=== Work request ===
Would you reproduce, word for word, only the lines running from the top of the data through the line containing "Provide a succinct answer. 3.11.", and none of the pictures?
◆ ◆ ◆
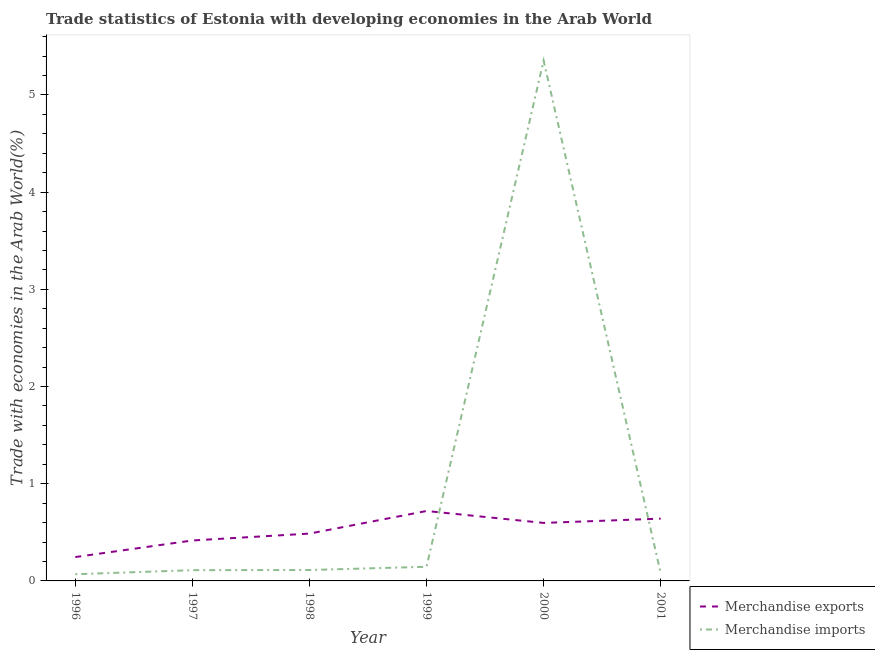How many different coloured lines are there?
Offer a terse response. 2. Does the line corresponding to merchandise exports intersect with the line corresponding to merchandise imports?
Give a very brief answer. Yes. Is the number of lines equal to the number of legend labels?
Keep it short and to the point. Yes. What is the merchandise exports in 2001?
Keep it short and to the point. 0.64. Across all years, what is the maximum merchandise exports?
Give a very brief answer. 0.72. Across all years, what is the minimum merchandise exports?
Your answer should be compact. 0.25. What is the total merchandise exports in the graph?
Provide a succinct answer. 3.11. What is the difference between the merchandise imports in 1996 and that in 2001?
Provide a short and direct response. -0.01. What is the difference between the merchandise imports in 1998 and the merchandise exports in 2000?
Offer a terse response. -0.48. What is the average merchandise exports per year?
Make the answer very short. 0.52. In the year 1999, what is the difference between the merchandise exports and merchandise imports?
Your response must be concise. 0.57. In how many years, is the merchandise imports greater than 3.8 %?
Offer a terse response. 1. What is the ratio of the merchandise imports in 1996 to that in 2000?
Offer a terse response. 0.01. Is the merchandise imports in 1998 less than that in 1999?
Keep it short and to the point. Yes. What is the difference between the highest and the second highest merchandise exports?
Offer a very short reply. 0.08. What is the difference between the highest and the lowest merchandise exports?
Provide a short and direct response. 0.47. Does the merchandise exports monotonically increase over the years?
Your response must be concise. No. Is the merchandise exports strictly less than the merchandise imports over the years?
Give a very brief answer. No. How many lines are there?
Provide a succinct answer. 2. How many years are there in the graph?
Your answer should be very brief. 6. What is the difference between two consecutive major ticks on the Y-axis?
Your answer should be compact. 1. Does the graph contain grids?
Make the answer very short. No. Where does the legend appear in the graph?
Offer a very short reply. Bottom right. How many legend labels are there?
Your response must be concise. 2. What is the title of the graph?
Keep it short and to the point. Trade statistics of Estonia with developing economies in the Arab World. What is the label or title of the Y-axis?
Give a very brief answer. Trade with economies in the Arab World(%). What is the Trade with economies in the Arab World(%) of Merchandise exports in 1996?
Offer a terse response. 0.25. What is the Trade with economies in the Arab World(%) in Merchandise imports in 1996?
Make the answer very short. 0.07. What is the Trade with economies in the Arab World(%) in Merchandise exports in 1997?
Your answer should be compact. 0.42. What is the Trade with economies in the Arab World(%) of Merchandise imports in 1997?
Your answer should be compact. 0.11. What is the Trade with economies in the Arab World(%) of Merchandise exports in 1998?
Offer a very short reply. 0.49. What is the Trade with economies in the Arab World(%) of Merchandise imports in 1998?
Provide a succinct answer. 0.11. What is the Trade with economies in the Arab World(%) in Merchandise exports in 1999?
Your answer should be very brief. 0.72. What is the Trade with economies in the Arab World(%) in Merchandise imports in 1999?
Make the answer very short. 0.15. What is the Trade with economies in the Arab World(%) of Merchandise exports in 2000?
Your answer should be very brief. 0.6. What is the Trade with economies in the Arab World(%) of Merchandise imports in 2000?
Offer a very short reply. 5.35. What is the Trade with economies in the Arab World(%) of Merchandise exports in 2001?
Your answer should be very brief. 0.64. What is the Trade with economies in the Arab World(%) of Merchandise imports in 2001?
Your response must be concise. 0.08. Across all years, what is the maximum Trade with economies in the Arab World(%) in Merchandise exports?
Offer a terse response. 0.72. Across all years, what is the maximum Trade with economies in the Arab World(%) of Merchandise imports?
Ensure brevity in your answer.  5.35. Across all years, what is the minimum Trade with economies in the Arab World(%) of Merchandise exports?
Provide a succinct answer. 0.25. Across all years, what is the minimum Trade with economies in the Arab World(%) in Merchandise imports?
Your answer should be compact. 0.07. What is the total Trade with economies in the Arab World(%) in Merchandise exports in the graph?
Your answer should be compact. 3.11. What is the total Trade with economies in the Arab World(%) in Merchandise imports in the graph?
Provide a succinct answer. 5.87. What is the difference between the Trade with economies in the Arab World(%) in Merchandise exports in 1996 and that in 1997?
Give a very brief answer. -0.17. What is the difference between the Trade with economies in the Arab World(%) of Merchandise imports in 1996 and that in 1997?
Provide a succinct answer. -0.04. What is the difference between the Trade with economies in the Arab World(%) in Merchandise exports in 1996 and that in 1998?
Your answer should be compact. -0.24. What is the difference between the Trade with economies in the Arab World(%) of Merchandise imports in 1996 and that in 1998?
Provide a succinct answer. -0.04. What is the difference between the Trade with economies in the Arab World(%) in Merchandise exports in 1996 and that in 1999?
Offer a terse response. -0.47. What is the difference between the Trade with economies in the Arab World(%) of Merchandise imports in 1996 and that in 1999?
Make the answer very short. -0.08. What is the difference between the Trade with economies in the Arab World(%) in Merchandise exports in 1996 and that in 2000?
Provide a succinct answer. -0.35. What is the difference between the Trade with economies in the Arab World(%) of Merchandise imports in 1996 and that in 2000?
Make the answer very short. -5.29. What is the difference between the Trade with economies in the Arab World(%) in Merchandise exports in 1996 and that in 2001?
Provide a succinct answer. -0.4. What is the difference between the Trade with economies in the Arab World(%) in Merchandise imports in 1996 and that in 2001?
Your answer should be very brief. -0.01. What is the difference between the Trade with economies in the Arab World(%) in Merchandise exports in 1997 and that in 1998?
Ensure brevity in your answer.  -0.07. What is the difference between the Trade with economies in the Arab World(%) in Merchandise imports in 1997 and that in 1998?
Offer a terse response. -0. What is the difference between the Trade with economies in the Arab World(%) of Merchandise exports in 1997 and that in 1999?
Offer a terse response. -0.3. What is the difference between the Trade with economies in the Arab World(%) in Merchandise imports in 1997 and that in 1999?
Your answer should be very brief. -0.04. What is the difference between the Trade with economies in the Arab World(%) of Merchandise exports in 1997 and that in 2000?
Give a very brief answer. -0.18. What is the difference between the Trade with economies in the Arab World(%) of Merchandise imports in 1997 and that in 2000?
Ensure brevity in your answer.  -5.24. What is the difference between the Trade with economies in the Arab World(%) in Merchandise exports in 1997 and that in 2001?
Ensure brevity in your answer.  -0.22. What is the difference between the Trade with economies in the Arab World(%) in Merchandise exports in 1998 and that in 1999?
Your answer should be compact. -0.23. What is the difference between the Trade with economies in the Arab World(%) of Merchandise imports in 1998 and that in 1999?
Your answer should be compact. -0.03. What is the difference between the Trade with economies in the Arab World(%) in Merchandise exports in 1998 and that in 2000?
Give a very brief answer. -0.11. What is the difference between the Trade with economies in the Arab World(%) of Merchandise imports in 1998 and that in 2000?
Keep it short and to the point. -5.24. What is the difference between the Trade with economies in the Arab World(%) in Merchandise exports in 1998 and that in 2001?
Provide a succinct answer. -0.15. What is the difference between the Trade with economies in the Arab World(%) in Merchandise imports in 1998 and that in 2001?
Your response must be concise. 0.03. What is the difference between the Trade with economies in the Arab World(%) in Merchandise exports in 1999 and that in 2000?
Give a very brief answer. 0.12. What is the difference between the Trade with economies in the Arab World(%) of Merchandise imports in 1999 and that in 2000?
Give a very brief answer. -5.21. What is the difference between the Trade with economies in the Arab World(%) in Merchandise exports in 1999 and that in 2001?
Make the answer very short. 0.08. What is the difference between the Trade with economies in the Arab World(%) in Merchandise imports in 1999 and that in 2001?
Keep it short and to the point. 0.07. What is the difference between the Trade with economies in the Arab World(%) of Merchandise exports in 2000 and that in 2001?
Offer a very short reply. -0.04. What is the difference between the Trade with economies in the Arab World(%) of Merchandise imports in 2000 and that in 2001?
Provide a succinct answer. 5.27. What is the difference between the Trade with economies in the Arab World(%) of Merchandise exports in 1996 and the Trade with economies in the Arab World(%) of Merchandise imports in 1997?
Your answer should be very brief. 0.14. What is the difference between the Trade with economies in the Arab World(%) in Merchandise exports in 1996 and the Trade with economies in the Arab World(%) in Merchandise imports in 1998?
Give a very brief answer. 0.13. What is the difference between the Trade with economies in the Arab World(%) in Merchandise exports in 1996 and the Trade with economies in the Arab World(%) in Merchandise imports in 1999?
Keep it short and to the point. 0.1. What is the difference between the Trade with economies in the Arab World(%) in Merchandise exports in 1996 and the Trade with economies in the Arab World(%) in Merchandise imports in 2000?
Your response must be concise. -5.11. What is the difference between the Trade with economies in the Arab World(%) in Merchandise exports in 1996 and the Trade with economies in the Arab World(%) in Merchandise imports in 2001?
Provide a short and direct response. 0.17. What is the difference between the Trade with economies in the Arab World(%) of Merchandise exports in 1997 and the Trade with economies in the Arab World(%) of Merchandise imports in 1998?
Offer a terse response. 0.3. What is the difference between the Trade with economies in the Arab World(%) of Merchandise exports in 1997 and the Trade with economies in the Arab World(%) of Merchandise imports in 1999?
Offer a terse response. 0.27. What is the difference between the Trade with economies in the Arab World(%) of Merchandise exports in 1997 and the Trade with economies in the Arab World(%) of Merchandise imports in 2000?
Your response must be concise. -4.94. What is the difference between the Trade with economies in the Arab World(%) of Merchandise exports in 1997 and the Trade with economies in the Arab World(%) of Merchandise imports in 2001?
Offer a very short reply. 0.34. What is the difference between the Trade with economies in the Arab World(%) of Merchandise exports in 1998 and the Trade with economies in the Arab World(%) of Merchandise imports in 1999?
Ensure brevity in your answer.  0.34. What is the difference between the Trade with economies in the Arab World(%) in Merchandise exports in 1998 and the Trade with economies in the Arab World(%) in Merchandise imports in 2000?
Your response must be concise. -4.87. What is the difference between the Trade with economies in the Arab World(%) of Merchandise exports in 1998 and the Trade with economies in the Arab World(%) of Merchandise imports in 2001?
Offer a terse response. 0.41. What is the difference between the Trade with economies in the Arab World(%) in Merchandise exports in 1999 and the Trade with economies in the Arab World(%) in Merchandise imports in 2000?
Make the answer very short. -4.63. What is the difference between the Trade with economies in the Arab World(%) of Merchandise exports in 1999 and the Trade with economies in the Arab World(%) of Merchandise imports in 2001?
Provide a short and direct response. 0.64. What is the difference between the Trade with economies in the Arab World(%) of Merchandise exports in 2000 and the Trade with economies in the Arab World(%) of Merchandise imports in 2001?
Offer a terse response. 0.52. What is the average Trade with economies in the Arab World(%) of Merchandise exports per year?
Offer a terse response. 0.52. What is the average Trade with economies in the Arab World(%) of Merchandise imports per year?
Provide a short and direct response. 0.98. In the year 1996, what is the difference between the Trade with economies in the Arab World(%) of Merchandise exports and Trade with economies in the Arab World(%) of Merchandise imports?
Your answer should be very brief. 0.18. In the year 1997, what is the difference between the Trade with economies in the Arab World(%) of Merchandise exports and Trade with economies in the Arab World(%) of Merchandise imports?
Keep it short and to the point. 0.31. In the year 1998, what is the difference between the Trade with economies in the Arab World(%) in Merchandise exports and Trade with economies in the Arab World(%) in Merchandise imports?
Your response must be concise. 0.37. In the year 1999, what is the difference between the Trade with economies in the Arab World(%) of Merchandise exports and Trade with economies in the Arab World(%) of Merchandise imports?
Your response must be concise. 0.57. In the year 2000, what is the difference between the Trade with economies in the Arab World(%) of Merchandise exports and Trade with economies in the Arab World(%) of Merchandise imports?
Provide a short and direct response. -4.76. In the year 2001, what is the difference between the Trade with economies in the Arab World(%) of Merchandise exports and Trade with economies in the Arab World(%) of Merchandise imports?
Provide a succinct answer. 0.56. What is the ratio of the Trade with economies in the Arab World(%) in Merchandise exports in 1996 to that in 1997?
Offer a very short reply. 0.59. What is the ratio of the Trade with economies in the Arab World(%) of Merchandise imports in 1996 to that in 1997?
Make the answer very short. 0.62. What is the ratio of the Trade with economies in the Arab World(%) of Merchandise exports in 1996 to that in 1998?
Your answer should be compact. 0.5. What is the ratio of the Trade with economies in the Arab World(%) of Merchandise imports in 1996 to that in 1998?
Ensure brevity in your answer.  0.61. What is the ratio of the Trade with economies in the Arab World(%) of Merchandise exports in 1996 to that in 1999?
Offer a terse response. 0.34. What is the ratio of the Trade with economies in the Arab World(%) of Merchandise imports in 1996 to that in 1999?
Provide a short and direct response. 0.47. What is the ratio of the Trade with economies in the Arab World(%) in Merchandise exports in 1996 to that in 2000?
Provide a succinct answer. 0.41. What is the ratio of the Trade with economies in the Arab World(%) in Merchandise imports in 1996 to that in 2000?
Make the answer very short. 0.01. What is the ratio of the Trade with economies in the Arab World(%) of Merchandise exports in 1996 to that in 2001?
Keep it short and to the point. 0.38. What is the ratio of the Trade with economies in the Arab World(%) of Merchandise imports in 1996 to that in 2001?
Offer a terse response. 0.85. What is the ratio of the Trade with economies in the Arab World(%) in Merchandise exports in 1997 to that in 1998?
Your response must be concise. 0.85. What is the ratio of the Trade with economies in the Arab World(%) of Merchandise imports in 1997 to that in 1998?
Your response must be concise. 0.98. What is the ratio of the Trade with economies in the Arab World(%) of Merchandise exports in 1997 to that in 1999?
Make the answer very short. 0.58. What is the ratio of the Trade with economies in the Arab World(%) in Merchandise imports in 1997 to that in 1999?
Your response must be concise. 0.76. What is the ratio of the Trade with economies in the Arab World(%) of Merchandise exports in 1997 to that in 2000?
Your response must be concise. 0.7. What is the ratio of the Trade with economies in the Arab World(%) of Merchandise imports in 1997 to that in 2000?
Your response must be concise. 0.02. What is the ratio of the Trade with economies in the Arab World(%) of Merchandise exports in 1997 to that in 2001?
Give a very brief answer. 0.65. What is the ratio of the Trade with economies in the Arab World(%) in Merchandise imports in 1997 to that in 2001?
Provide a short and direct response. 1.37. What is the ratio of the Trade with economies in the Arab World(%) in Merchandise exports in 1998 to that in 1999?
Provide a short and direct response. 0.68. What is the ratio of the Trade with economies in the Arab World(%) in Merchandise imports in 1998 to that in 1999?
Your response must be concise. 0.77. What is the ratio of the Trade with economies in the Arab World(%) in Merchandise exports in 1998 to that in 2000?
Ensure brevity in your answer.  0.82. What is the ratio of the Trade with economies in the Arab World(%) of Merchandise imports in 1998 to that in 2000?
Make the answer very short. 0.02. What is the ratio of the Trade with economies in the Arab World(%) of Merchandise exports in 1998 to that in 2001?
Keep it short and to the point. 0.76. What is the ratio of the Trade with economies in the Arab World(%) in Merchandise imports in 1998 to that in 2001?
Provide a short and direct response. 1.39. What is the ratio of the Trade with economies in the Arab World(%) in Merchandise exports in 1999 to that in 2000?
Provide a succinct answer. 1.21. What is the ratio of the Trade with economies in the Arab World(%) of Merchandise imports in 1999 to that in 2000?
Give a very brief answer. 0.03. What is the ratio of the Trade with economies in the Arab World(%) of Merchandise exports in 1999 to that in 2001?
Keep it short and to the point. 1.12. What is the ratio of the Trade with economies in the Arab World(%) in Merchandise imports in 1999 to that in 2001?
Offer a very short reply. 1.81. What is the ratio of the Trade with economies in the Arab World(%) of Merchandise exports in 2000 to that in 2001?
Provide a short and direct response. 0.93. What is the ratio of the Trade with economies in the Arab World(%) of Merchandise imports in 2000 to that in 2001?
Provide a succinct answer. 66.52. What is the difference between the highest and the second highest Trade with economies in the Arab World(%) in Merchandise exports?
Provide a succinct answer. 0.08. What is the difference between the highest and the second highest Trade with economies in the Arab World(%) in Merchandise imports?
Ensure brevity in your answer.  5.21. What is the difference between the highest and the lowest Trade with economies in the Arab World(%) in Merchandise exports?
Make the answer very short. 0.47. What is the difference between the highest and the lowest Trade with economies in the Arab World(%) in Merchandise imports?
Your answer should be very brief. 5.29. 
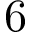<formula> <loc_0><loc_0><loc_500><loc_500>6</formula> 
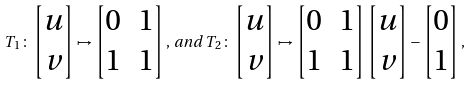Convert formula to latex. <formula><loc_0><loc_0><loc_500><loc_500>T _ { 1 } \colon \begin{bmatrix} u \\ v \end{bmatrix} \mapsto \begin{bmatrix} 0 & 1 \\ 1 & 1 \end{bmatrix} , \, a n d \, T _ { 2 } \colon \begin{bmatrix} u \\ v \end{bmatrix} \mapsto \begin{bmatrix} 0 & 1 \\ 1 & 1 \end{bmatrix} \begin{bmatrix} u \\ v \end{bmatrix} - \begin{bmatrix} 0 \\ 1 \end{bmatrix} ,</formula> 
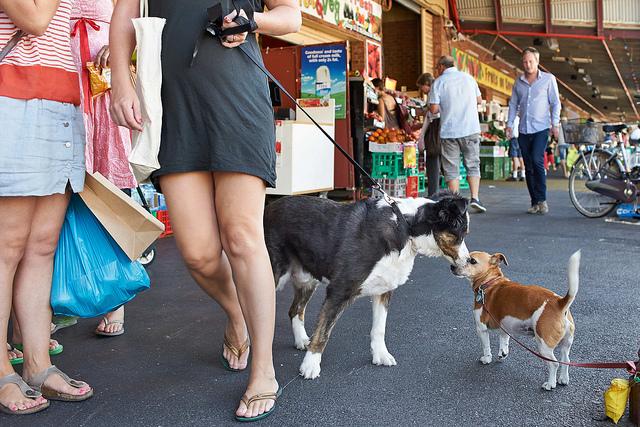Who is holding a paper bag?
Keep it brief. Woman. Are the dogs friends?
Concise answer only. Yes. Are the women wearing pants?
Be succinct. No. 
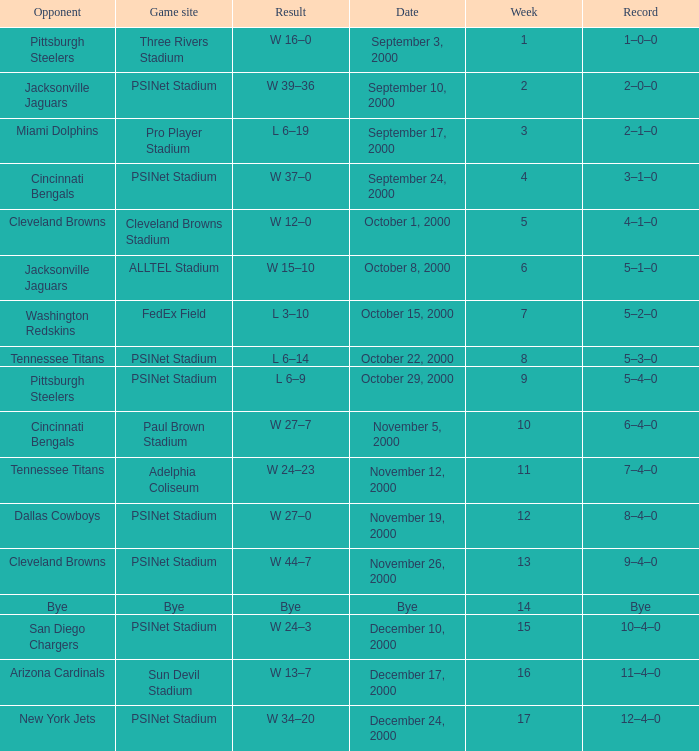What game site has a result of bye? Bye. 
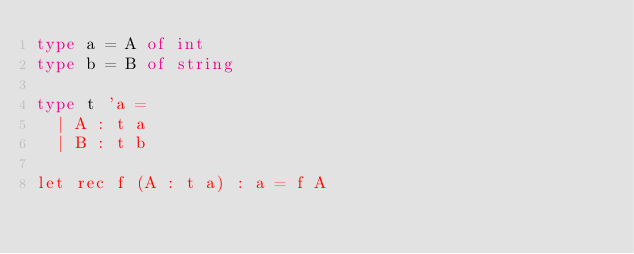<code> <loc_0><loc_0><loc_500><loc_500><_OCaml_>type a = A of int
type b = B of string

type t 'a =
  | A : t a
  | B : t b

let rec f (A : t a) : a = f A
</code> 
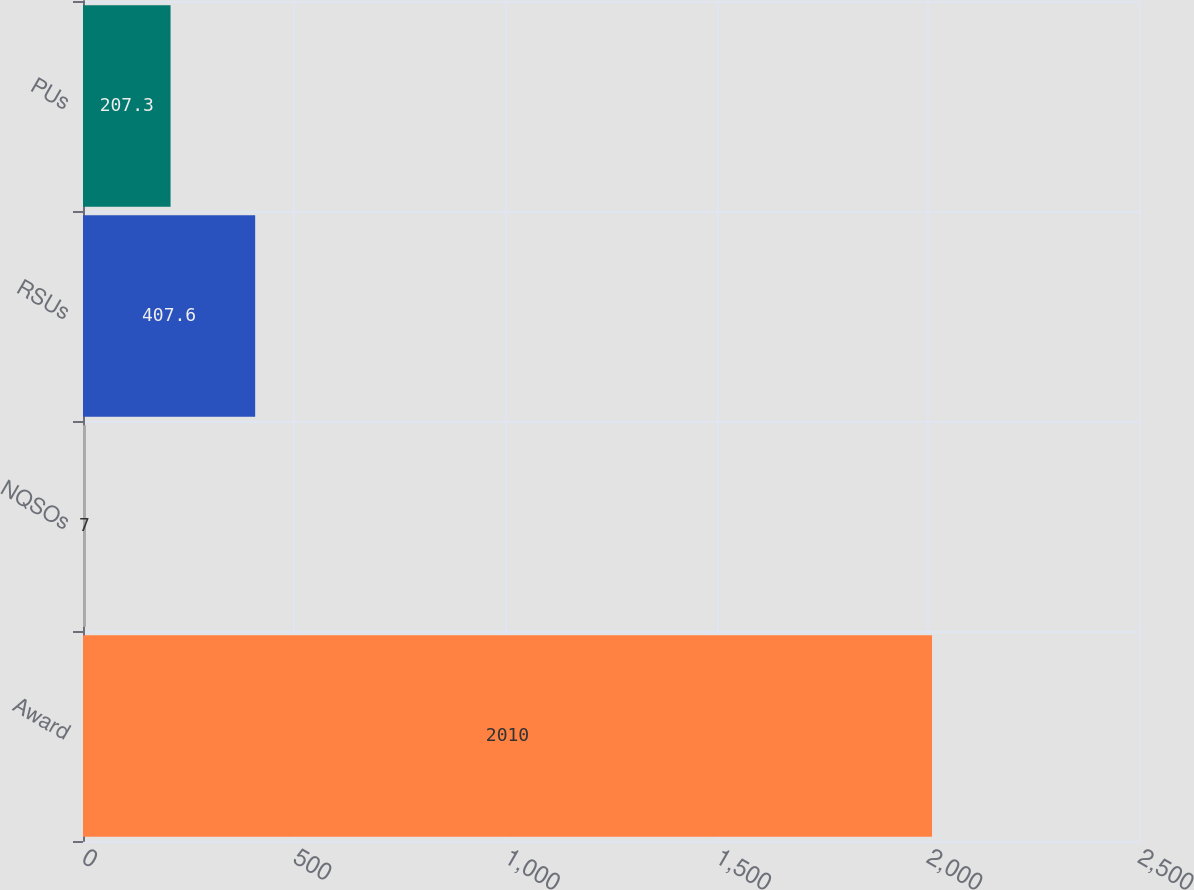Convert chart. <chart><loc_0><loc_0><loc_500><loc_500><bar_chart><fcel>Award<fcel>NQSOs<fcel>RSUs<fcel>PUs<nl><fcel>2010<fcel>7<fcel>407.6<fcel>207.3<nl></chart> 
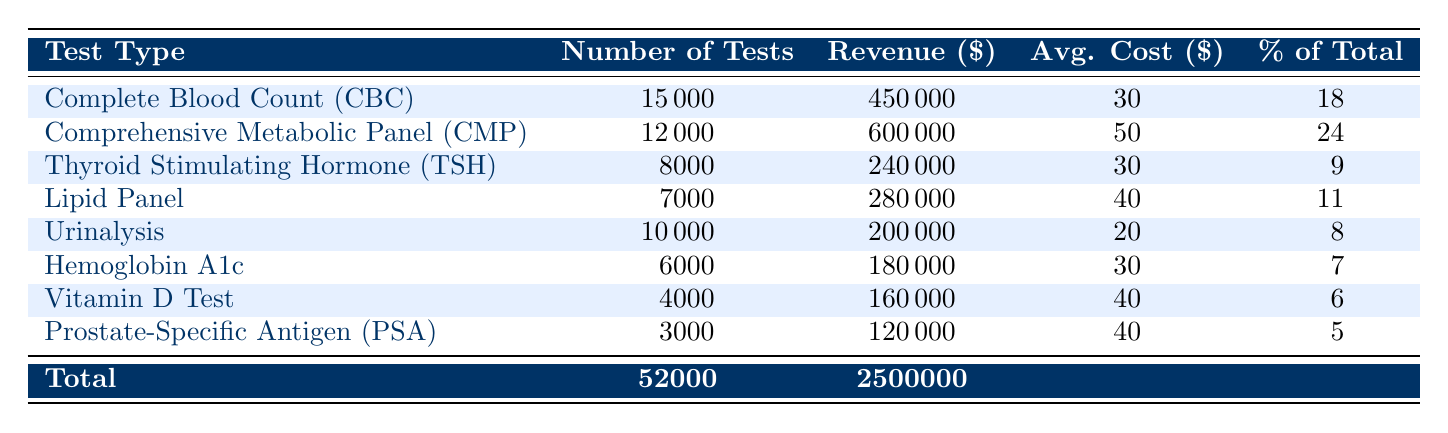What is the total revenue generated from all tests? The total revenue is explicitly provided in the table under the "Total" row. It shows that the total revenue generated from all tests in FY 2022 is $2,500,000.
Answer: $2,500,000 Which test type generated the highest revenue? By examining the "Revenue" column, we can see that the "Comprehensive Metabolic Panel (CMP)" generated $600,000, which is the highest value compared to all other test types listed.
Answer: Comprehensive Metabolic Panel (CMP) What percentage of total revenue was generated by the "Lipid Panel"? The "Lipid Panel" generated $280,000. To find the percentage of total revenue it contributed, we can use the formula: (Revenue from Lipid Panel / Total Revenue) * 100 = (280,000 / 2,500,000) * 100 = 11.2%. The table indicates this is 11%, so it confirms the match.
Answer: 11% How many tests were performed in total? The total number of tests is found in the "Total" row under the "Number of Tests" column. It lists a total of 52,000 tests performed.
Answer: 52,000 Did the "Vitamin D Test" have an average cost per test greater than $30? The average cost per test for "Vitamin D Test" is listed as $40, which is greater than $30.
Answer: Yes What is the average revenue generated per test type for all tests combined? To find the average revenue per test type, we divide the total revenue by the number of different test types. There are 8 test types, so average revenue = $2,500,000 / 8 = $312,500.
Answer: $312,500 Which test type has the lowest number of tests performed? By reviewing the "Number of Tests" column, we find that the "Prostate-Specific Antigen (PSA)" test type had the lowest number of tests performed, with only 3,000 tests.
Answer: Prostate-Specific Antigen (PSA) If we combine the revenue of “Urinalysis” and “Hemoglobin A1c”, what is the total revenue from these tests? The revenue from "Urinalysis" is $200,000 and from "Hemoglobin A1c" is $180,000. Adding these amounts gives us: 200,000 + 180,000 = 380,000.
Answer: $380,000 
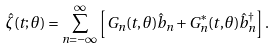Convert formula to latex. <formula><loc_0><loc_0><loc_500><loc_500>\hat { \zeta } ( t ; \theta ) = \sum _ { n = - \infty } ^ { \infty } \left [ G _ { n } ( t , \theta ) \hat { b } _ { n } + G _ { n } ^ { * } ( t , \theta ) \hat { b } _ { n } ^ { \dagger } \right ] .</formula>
◆ ◆ ◆
=== Answer space ===
How many different coloured lines are there?
Offer a terse response. 2. Does the line corresponding to merchandise exports intersect with the line corresponding to merchandise imports?
Give a very brief answer. Yes. Is the number of lines equal to the number of legend labels?
Keep it short and to the point. Yes. What is the merchandise exports in 2001?
Keep it short and to the point. 0.64. Across all years, what is the maximum merchandise exports?
Give a very brief answer. 0.72. Across all years, what is the minimum merchandise exports?
Your answer should be compact. 0.25. What is the total merchandise exports in the graph?
Provide a succinct answer. 3.11. What is the difference between the merchandise imports in 1996 and that in 2001?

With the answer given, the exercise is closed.